DESCRIPTION OF THE TASK
Out of the entries that follow, copy each line containing "Look".

DATA SECTION

--------------------------------------------------

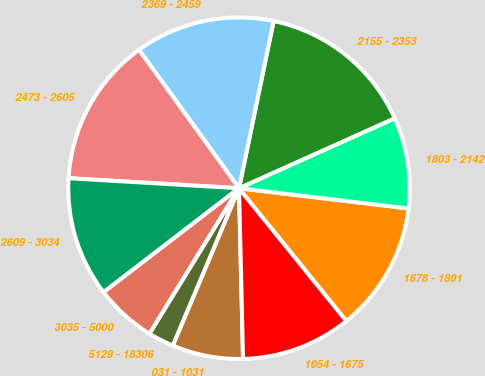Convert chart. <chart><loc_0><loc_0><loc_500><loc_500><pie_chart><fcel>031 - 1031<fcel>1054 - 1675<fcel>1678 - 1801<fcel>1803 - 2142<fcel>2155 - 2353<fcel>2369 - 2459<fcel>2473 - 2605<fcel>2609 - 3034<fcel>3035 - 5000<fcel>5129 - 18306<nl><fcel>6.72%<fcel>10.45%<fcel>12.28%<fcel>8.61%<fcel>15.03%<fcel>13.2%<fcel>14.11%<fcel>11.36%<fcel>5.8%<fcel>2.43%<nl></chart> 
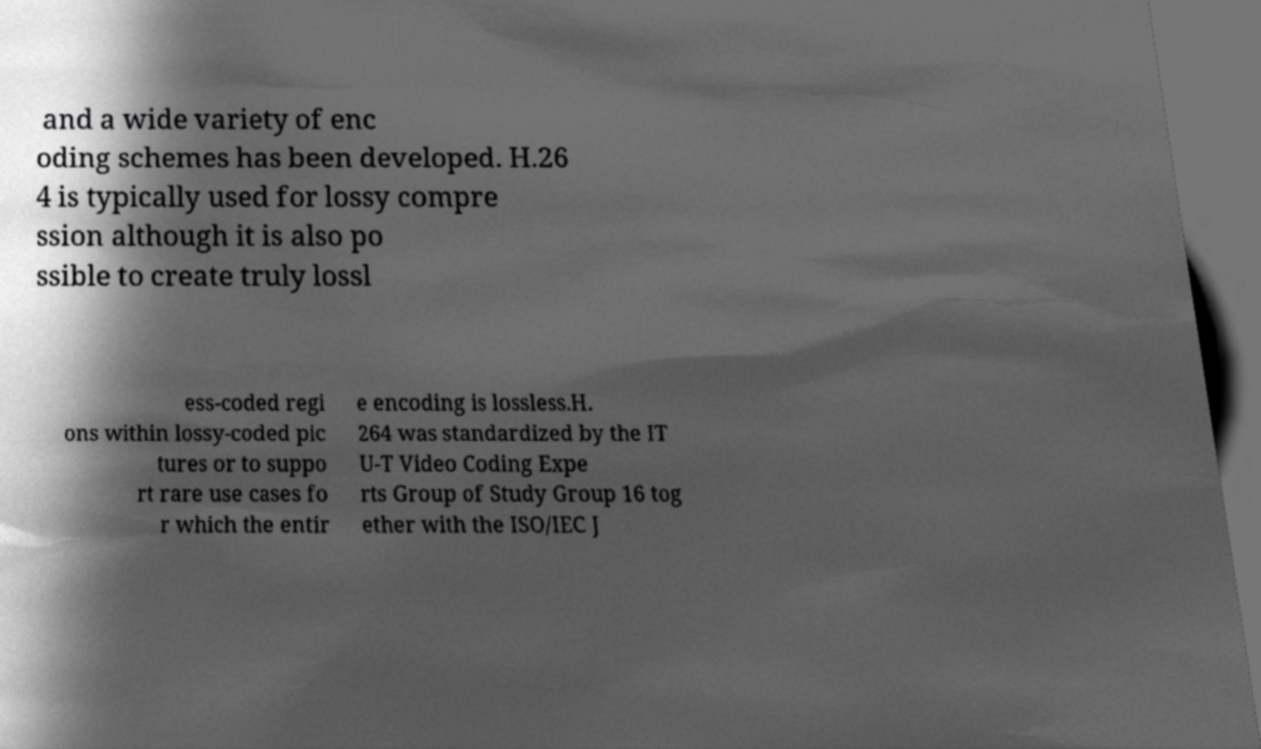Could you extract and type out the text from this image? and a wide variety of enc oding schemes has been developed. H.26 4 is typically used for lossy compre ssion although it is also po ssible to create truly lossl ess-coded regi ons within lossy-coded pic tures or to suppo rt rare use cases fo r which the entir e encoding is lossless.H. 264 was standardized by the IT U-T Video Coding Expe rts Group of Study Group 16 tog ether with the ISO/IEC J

--------------------------------------------------

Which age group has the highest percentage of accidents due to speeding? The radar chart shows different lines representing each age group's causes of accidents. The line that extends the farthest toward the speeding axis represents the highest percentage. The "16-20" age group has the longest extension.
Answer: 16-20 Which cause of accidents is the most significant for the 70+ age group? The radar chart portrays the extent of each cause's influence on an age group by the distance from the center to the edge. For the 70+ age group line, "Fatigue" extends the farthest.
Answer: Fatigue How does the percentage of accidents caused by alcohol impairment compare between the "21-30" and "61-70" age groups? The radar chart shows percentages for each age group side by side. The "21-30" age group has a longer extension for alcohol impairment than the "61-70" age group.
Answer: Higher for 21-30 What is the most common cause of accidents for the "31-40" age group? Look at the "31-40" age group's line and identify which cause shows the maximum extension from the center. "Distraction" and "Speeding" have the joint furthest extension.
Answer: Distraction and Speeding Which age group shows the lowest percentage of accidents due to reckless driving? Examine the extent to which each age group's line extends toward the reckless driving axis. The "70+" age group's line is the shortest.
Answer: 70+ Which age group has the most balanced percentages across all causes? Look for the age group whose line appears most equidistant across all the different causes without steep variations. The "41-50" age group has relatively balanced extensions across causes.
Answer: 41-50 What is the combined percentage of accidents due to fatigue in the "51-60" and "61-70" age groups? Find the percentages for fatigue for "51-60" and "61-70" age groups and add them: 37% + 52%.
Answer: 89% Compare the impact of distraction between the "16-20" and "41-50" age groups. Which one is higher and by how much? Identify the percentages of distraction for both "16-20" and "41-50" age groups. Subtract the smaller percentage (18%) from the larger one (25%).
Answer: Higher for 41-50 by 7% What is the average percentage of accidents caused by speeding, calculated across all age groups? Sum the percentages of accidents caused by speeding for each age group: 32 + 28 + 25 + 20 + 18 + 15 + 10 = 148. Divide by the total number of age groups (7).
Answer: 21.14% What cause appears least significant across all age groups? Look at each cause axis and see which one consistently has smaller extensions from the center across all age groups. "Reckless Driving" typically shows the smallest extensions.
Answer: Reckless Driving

--------------------------------------------------

RESPONSE TO THIS EXERCISE
Answer: Higher for 21-30 What is the most common cause of accidents for the "31-40" age group? Look at the "31-40" age group's line and identify which cause shows the maximum extension from the center. "Distraction" and "Speeding" have the joint furthest extension.
Answer: 70+ Which age group has the most balanced percentages across all causes? Look for the age group whose line appears most equidistant across all the different causes without steep variations. The "41-50" age group has relatively balanced extensions across causes.
Answer: 21.14% What cause appears least significant across all age groups? Look at each cause axis and see which one consistently has smaller extensions from the center across all age groups. "Reckless Driving" typically shows the smallest extensions.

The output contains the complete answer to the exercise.